Она задрожала. Всхлипнула и уронила голову на руки, закрывая лицо. Кай отломил кусочек пирожного. Медленно прожевал. Взял тарелку, чашку и, обойдя стол, поставил их рядом с Бертиными. Сел на диван рядом с ней и осторожно обнял ведьму за плечи. Наклонился, отодвинул в сторону прядку серебристых волос, пытаясь заглянуть в глаза.

– Я тебя не боюсь. И ты не бойся.

Она всхлипнула. Выпрямилась, откидываясь на плечо Провидца, и убрала с лица волосы. Веки припухли, по щекам тянулись дорожки слез. Она криво улыбнулась.

– Ты просто не знаешь, что творится у меня в голове в такие минуты. Иначе сбежал бы сейчас и потребовал от Яцуши моего немедленного ареста…

Кай тихо засмеялся. Наклонился, прошептал на ухо с преувеличенной секретностью.
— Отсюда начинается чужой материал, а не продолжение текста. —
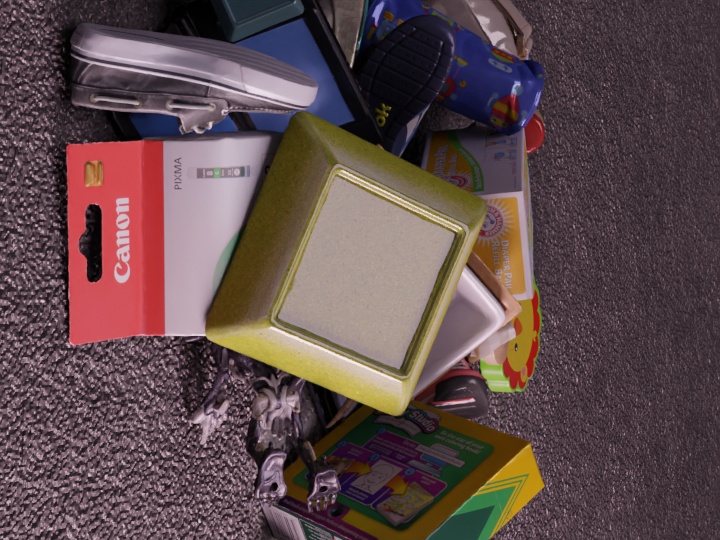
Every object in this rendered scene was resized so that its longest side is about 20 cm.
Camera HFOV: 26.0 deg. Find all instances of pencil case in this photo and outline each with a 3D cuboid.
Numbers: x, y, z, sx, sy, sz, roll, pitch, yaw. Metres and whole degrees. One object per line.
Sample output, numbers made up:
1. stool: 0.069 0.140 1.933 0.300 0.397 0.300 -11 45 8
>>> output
1. pencil case: 0.085 -0.205 1.510 0.198 0.078 0.087 26 52 -8

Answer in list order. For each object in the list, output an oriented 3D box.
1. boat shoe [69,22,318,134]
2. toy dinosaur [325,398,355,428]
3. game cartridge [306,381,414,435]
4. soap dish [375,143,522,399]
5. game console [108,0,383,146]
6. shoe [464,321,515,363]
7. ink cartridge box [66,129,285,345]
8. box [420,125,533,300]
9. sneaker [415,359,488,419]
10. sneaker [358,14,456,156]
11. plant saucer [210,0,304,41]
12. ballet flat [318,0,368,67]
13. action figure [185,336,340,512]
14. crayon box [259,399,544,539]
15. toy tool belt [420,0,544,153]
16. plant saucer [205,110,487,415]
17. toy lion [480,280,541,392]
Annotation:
1. boat shoe: -0.134 -0.144 1.229 0.198 0.072 0.072 10 109 -15
2. toy dinosaur: 0.038 0.069 1.495 0.199 0.060 0.108 -26 114 -53
3. game cartridge: -0.007 0.072 1.509 0.133 0.041 0.202 -45 127 -41
4. soap dish: 0.022 0.005 1.385 0.200 0.157 0.081 48 15 -14
5. game console: -0.090 -0.124 1.314 0.119 0.171 0.201 -91 158 -49
6. shoe: 0.101 0.029 1.552 0.200 0.053 0.070 -120 -174 -60
7. ink cartridge box: -0.138 -0.027 1.248 0.199 0.050 0.163 -8 103 -42
8. box: 0.113 -0.057 1.508 0.200 0.100 0.114 -76 160 -65
9. sneaker: 0.081 0.111 1.566 0.200 0.073 0.088 107 -21 -75
10. sneaker: 0.030 -0.161 1.466 0.201 0.074 0.082 -59 180 33
11. plant saucer: -0.114 -0.289 1.256 0.069 0.019 0.202 -23 89 -10
12. ballet flat: -0.036 -0.192 1.436 0.062 0.067 0.202 14 76 -26
13. action figure: -0.088 0.112 1.334 0.118 0.102 0.201 1 49 -29
14. crayon box: 0.034 0.197 1.394 0.172 0.199 0.059 -36 122 -29
15. toy tool belt: 0.126 -0.222 1.613 0.201 0.124 0.123 52 19 -15
16. plant saucer: 0.000 0.000 1.273 0.198 0.048 0.202 24 87 -25
17. toy lion: 0.159 0.034 1.738 0.191 0.068 0.203 10 82 -63

– Я ведь дракон. Пусть китайский, пусть там воплощение мудрости и благоразумия… я все равно дикий зверь и… признаюсь только тебе, порой мне хочется сожрать Инну. Целиком. Как удав. И потом сплюнуть косточки.
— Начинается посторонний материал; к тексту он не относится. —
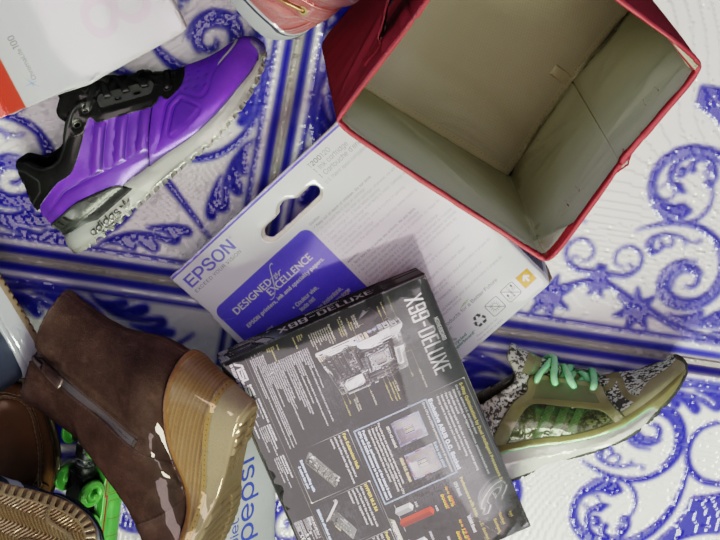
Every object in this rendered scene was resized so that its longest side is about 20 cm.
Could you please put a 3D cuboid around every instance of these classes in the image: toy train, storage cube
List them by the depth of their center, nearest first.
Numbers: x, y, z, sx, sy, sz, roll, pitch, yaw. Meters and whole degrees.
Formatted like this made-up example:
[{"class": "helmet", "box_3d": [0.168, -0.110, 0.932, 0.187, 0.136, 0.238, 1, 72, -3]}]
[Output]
[{"class": "storage cube", "box_3d": [0.093, -0.146, 1.501, 0.200, 0.180, 0.171, 33, 105, -15]}, {"class": "toy train", "box_3d": [-0.197, 0.163, 1.667, 0.056, 0.042, 0.200, -17, 126, -45]}]

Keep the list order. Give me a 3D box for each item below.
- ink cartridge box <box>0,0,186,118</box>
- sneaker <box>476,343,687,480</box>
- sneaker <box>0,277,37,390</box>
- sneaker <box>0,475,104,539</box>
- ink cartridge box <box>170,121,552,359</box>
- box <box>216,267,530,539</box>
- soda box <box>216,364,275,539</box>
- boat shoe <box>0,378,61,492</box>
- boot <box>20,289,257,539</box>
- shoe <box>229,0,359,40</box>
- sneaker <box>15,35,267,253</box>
[{"class": "ink cartridge box", "box_3d": [-0.241, -0.187, 1.503, 0.200, 0.057, 0.163, -31, 104, -12]}, {"class": "sneaker", "box_3d": [0.141, 0.092, 1.652, 0.200, 0.077, 0.089, -22, 98, 2]}, {"class": "sneaker", "box_3d": [-0.312, 0.015, 1.572, 0.108, 0.070, 0.200, -36, 114, -16]}, {"class": "sneaker", "box_3d": [-0.270, 0.165, 1.591, 0.200, 0.109, 0.070, 25, 82, 8]}, {"class": "ink cartridge box", "box_3d": [0.000, 0.000, 1.624, 0.198, 0.043, 0.200, -41, 110, 11]}, {"class": "box", "box_3d": [0.009, 0.119, 1.587, 0.158, 0.050, 0.200, -24, 97, -4]}, {"class": "soda box", "box_3d": [-0.107, 0.176, 1.660, 0.063, 0.068, 0.200, 16, 116, 34]}, {"class": "boat shoe", "box_3d": [-0.260, 0.177, 1.661, 0.072, 0.068, 0.200, 2, 110, -3]}, {"class": "boot", "box_3d": [-0.165, 0.126, 1.585, 0.166, 0.072, 0.200, 27, 119, 16]}, {"class": "shoe", "box_3d": [-0.082, -0.239, 1.494, 0.200, 0.072, 0.091, 44, 146, -21]}, {"class": "sneaker", "box_3d": [-0.158, -0.108, 1.560, 0.200, 0.070, 0.100, -41, 102, 9]}]

Берта хмыкнула. Кулаком растерла слезу по щеке.

– Спорим, даже Яцуши с его выдержкой временами думает о том, как бы скормить ее мавкам…

Они рассмеялись. Кай легонько дернул ее за ухо.

– Не бойся, слышишь? Ты хороший человек, я знаю. И ты справишься. Нужно только немного потерпеть.

Берта не ответила. Кай и не настаивал – помешивая остывший кофе, он как ни в чем ни бывало заговорил о планах на лето – когда у него будет отпуск, и они вчетвером, с Бертой и близнецами, отправятся в родовой особняк Кая, к его родителям, к лазурному морю и белым пляжам, на долгие-долгие два жарких месяца…

Потом они долго бродили по городу. Кай прислушивался к шепоту города, пытаясь выяснить чуть больше о виновнике ночного переполоха, а Берта брела рядом, следя за тем, чтобы Провидец, погрузившись в прошлое, не выбрел на проезжую часть. Было что-то умиротворяющее в этой долгой, как сам день, молчаливой прогулке и, возвращаясь домой, Берта вдруг поняла, что она абсолютно спокойна и довольна жизнью.


Она лежала в постели, и Сиф свернулась клубочком рядом на подушке, а толстый, отливающий рыжиной Локи бродил по ее одеялу, взад-вперед. На подоконнике Тюр методично обгрызал кактус, но Берте было лень пошевелиться. Она уже находилась в том пограничном состоянии между сном и явью, когда тело уже почти не принадлежит тебе, и разум понемногу проваливается в сладкую негу туманных образов.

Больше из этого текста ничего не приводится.